What is expected
Reproduce precisely the lines of the listing below, starting with the line that contains "1. cutting board: -0.610" and stopping after the line that contains "2) spatula at [358, 939, 710, 1370]"; include nothing else.

::: Excerpted data

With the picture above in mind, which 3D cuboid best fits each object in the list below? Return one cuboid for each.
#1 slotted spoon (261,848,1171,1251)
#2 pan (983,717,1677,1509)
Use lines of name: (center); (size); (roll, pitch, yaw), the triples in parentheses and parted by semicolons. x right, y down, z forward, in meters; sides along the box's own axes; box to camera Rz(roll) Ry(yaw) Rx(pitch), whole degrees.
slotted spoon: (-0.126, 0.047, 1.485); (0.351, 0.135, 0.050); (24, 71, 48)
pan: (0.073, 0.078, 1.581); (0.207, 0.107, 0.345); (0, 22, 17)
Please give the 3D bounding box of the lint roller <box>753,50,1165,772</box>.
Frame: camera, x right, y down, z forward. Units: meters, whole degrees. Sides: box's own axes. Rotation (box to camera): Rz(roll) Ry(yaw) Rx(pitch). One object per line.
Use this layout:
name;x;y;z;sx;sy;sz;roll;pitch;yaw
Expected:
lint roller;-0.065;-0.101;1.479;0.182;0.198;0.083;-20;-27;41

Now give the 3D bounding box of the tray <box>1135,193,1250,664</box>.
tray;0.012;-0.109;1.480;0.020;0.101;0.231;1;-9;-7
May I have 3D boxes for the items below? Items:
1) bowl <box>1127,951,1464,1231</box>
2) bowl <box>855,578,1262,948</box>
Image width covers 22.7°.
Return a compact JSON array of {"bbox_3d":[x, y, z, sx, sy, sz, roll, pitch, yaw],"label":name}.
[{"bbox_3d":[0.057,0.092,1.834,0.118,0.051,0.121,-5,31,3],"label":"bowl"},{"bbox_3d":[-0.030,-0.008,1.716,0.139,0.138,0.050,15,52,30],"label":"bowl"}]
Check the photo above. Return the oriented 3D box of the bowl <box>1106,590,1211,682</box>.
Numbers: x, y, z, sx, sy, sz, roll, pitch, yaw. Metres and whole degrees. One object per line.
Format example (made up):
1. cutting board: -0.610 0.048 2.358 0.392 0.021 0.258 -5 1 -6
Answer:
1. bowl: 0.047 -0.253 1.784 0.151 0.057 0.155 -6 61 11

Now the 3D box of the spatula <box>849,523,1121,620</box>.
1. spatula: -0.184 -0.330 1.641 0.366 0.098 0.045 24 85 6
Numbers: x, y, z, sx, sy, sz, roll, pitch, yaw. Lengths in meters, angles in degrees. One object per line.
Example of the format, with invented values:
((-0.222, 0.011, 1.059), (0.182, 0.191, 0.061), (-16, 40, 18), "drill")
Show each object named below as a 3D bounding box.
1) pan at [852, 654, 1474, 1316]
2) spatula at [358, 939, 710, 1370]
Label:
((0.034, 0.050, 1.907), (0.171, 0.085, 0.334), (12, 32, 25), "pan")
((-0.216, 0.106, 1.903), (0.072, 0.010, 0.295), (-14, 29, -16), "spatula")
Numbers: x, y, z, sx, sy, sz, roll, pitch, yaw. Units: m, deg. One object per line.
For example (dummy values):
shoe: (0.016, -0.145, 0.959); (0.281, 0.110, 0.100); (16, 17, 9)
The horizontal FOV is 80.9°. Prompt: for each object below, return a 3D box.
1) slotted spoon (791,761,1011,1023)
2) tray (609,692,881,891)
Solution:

::::::

Result
1. cutting board: -0.610 0.048 2.358 0.392 0.021 0.258 -5 1 -6
Answer:
1. bowl: 0.047 -0.253 1.784 0.151 0.057 0.155 -6 61 11

Now the 3D box of the spatula <box>849,523,1121,620</box>.
1. spatula: -0.184 -0.330 1.641 0.366 0.098 0.045 24 85 6
Numbers: x, y, z, sx, sy, sz, roll, pitch, yaw. Lengths in meters, angles in degrees. One object per line.
Example of the format, with invented values:
((-0.222, 0.011, 1.059), (0.182, 0.191, 0.061), (-16, 40, 18), "drill")
Show each object named below as a 3D bounding box.
1) pan at [852, 654, 1474, 1316]
2) spatula at [358, 939, 710, 1370]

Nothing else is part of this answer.